18 bis ⸱ Le premier rêve du monde
A. SIBRAN
Anne Sibran – GALLIMARD
Cézanne, un autre regard
Dans ce roman sur le regard et la vue, Cézanne, déjà vieillisant, consulte un ophtalmologiste qui cherche à rendre la vue aux aveugles de naissance. De cette rencontre déterminante entre celui qui perd la vue et celui qui la donne naît un magnifique dialogue sur le beau, la lumière. Un livre pictural autant que poétique.
Ce roman n’est pas ininterressant même si la qualité de l’écriture est irrégulière. Mais j’ai beaucoup de mal à aimer ces biographies tellement romancées qu’on “apprend” des choses complètement fausses sur un personnage historique. Pourquoi appeler le peintre de ce roman Paul Cezanne? Parce que l’écrivaine l’aime? Parce qu’elle le décrit comme animiste (voir le site de l’auteur) et qu’elle peut l’intégrer à l’histoire d’une chamane indienne qu’elle a envie de raconter? Les rencontres autour de Cezanne semblent complètement inventées et sans aucun fondement. Madame Sibran aurait tout aussi bien pu appeler son peintre Paul Durand.

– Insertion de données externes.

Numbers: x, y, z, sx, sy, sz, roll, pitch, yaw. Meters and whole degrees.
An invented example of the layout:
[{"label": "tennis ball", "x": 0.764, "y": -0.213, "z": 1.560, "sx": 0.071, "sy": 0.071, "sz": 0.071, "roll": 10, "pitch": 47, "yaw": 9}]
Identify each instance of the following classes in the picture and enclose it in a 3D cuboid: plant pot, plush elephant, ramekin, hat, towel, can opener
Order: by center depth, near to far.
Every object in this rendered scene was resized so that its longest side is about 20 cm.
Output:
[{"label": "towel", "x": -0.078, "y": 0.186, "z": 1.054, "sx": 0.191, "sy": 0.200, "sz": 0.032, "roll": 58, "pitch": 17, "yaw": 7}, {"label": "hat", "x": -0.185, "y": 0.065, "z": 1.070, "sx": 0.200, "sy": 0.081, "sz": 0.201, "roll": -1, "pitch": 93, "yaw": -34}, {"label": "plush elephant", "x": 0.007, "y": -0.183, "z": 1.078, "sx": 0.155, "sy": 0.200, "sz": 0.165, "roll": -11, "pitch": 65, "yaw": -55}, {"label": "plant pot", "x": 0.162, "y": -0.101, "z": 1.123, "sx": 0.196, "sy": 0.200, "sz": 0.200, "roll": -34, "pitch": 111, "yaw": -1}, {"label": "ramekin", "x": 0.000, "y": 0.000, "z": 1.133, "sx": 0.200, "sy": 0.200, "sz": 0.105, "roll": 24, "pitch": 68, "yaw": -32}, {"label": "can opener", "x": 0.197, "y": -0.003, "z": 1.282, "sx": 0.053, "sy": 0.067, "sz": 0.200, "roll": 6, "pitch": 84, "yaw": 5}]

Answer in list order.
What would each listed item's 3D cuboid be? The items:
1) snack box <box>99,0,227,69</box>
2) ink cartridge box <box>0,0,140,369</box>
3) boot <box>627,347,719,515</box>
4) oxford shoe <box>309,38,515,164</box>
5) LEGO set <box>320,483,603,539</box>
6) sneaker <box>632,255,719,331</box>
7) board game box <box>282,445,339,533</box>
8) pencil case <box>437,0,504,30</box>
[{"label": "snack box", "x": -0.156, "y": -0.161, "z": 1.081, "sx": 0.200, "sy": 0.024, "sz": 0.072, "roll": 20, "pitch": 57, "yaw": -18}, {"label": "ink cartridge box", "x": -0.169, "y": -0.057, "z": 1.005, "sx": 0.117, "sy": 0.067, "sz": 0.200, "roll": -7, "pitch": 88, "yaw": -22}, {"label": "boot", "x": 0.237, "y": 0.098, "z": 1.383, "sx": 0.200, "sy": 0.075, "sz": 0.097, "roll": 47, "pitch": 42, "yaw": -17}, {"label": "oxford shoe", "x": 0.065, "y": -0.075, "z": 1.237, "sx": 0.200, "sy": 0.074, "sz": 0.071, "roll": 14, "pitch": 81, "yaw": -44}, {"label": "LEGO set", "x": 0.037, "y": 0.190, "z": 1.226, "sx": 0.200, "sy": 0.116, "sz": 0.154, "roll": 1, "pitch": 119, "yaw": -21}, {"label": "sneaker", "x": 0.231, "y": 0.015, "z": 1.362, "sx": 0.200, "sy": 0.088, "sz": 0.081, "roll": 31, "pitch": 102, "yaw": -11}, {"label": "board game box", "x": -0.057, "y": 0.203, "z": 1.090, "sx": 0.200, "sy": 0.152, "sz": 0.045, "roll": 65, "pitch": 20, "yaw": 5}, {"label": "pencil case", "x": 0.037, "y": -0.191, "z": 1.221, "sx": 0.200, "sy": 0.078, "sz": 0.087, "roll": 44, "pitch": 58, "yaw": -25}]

Assez d’accord avec Marie L., le personnage de Cézanne semble finalement anecdotique. Nous ne sommes pas du tout dans la biographie mais bel et bien dans le roman. Cela dit, la rencontre et les échanges entre l’artiste et le scientifique sont intéressants. Concernant le style, j’avoue avoir trouvé certains passages franchement longs et un peu trop “envolés” voire forcés.
un livre sur le Dr Racine aurait largement suffi, le prétexte de Cézanne comme “accroche”? et que de considérations lyriques se voulant poetiques!
J’ai trouvé le texte d’une poesie inouie . L’histoire de la medecine en ophtalmologie m’a bcp interessée.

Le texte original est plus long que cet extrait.